Collected data entries:
==========
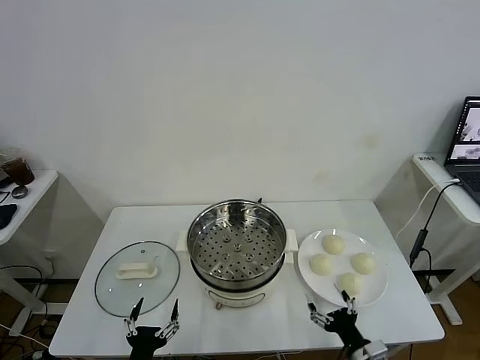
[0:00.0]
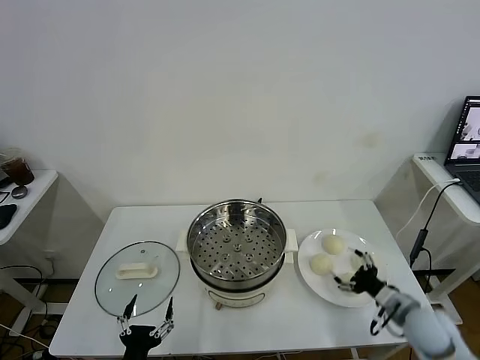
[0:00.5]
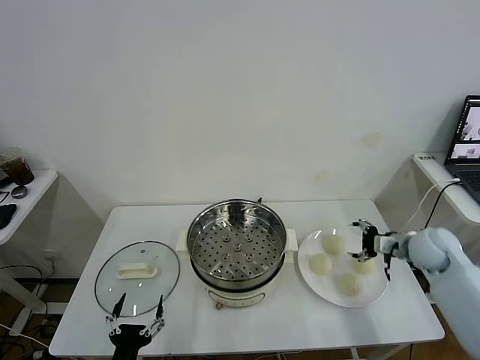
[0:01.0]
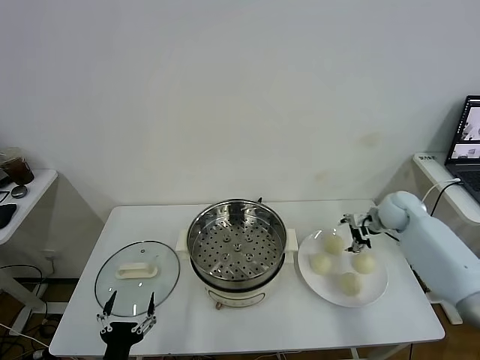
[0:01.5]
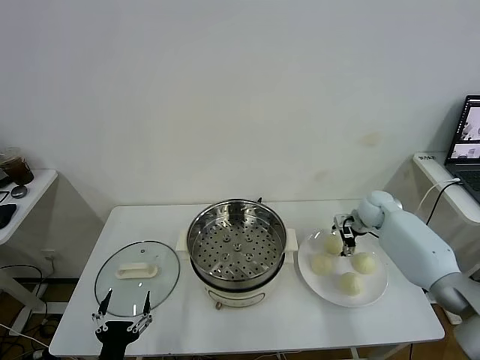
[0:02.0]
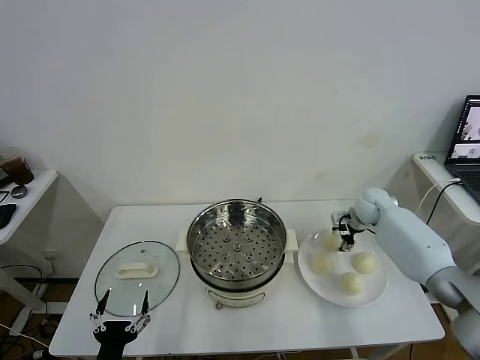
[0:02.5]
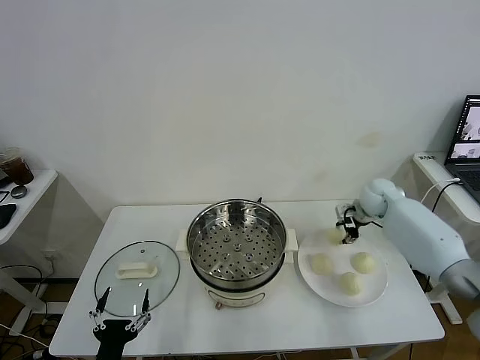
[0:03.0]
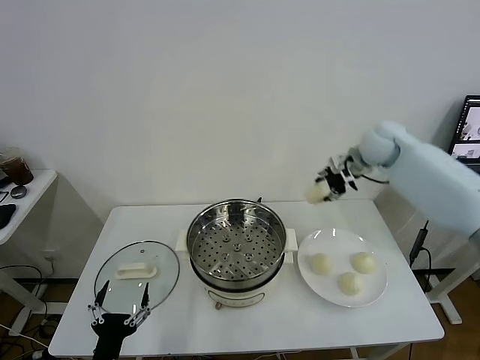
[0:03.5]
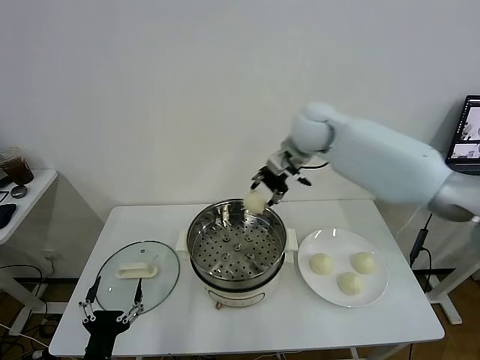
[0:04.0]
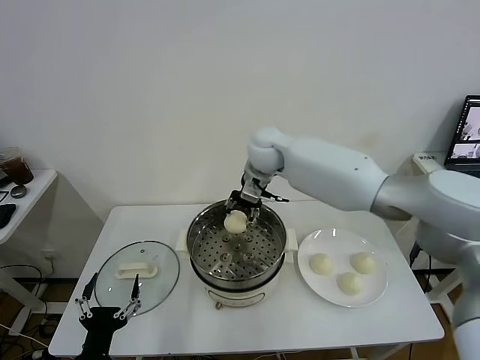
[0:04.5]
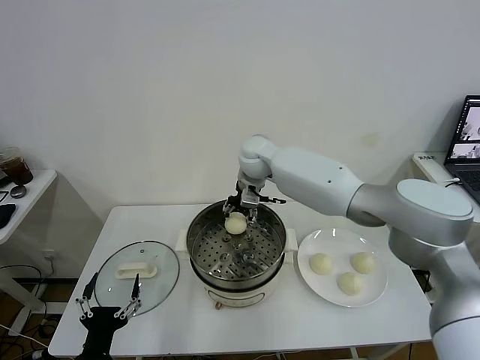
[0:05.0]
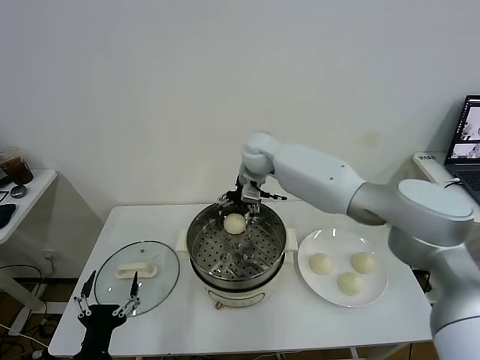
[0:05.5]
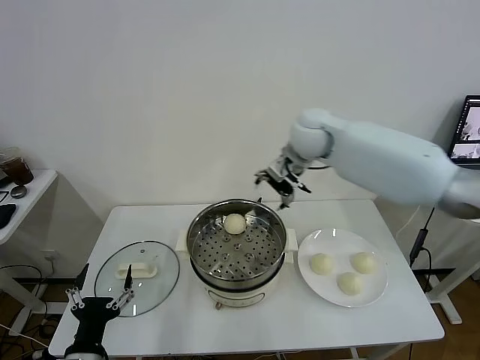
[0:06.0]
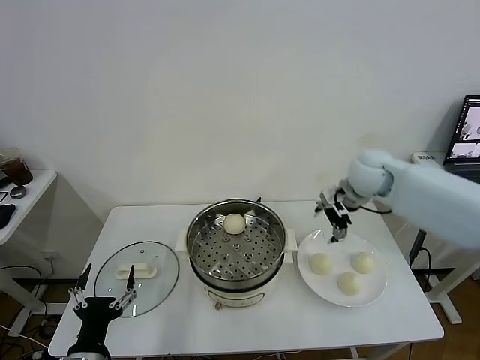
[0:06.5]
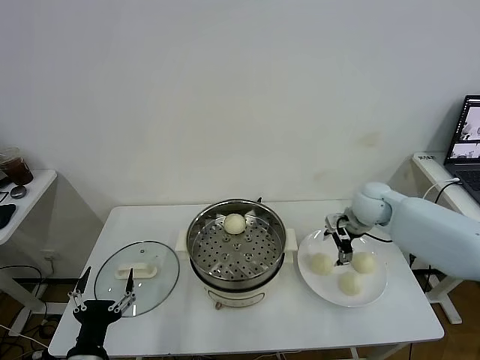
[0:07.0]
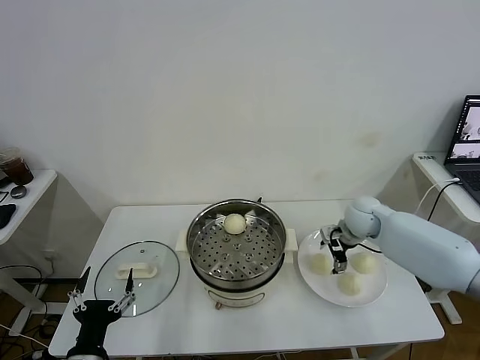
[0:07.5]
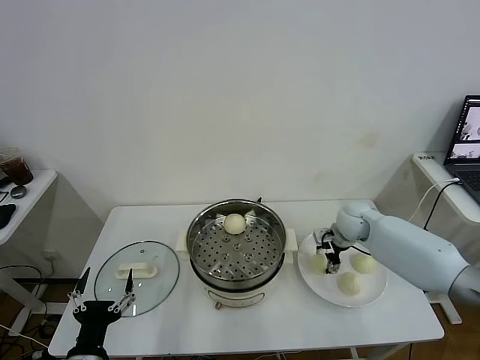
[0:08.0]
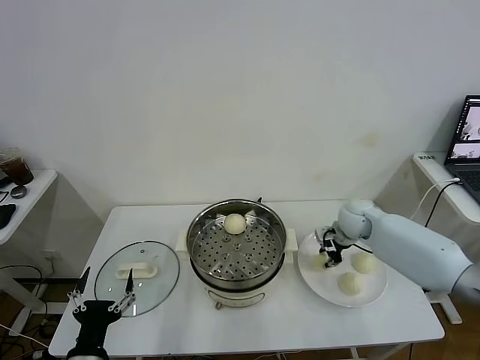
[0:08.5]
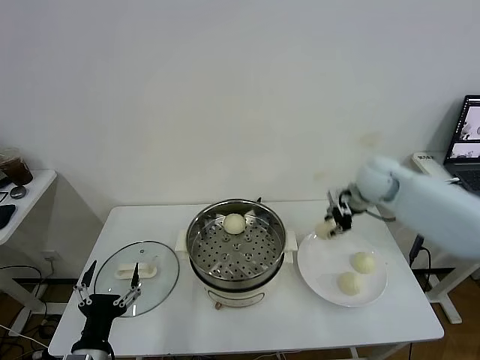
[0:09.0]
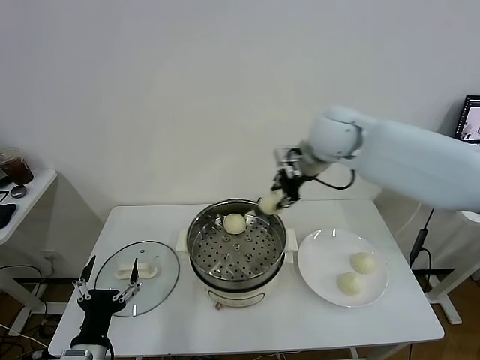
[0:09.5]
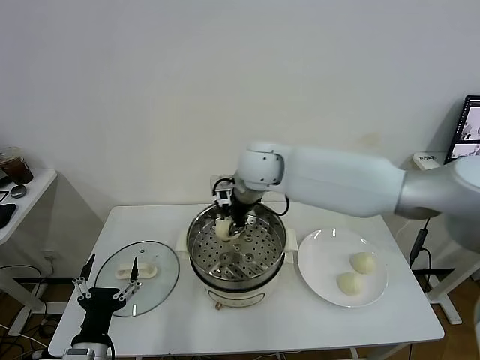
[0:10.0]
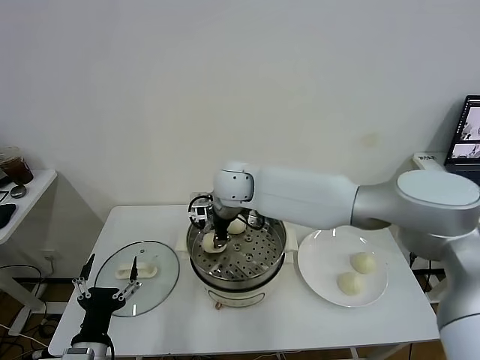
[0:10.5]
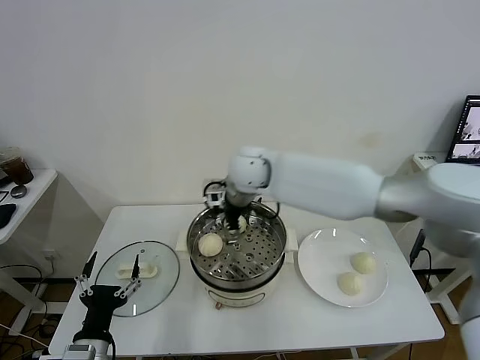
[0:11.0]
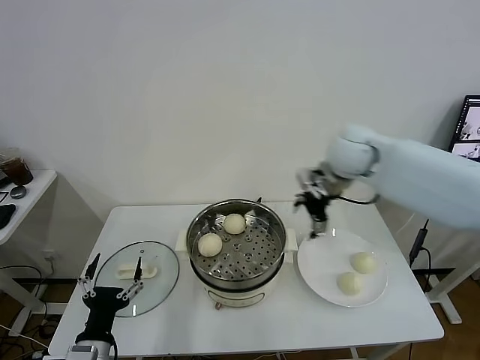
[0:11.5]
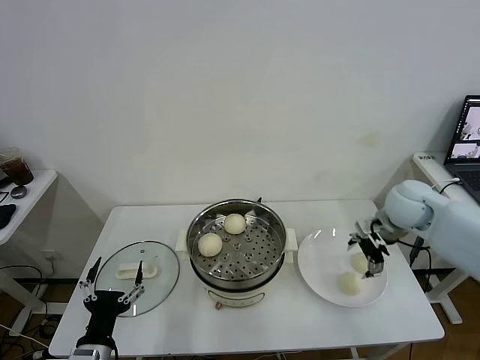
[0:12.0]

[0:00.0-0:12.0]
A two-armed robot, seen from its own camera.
Task of the whole recording: take steamed baozi put them in steamer.
Step, 0:00.0 to 0:02.5: Grasp the baozi in the plate with right gripper.
Step, 0:03.0 to 0:05.0: Place the baozi on the steamer with right gripper.
Step, 0:06.0 to 0:08.0: Grasp the baozi in the plate with right gripper.
Step, 0:09.0 to 0:10.5: Place the baozi on the steamer with right gripper.
0:02.0 to 0:04.0: The right gripper shifts about 35 cm to the left and upward, and closes up.
0:04.0 to 0:06.0: The right gripper heads to the right, covering about 10 cm, and opens its fingers.
0:06.0 to 0:08.0: The right gripper goes about 25 cm downward and to the right, and closes its fingers.
0:08.0 to 0:10.0: The right gripper shifts roughly 35 cm to the left and upward, and closes its fingers.
0:10.0 to 0:12.0: The right gripper shifts some 35 cm to the right, and opens its fingers.
==========
What you should do:
Your job is to copy each entry exactly as written; the pictures do not go in.

Result:
[0:00.0]
[0:00.5]
[0:01.0]
[0:01.5]
[0:02.0]
[0:02.5]
[0:03.0]
[0:03.5]
[0:04.0]
[0:04.5]
[0:05.0]
[0:05.5]
[0:06.0]
[0:06.5]
[0:07.0]
[0:07.5]
[0:08.0]
[0:08.5]
[0:09.0]
[0:09.5]
[0:10.0]
[0:10.5]
[0:11.0]
[0:11.5]
[0:12.0]

[0:00.0-0:12.0]
A two-armed robot, seen from its own camera.
Task of the whole recording: take steamed baozi put them in steamer.
Step, 0:00.0 to 0:02.5: Grasp the baozi in the plate with right gripper.
Step, 0:03.0 to 0:05.0: Place the baozi on the steamer with right gripper.
Step, 0:06.0 to 0:08.0: Grasp the baozi in the plate with right gripper.
Step, 0:09.0 to 0:10.5: Place the baozi on the steamer with right gripper.
0:02.0 to 0:04.0: The right gripper shifts about 35 cm to the left and upward, and closes up.
0:04.0 to 0:06.0: The right gripper heads to the right, covering about 10 cm, and opens its fingers.
0:06.0 to 0:08.0: The right gripper goes about 25 cm downward and to the right, and closes its fingers.
0:08.0 to 0:10.0: The right gripper shifts roughly 35 cm to the left and upward, and closes its fingers.
0:10.0 to 0:12.0: The right gripper shifts some 35 cm to the right, and opens its fingers.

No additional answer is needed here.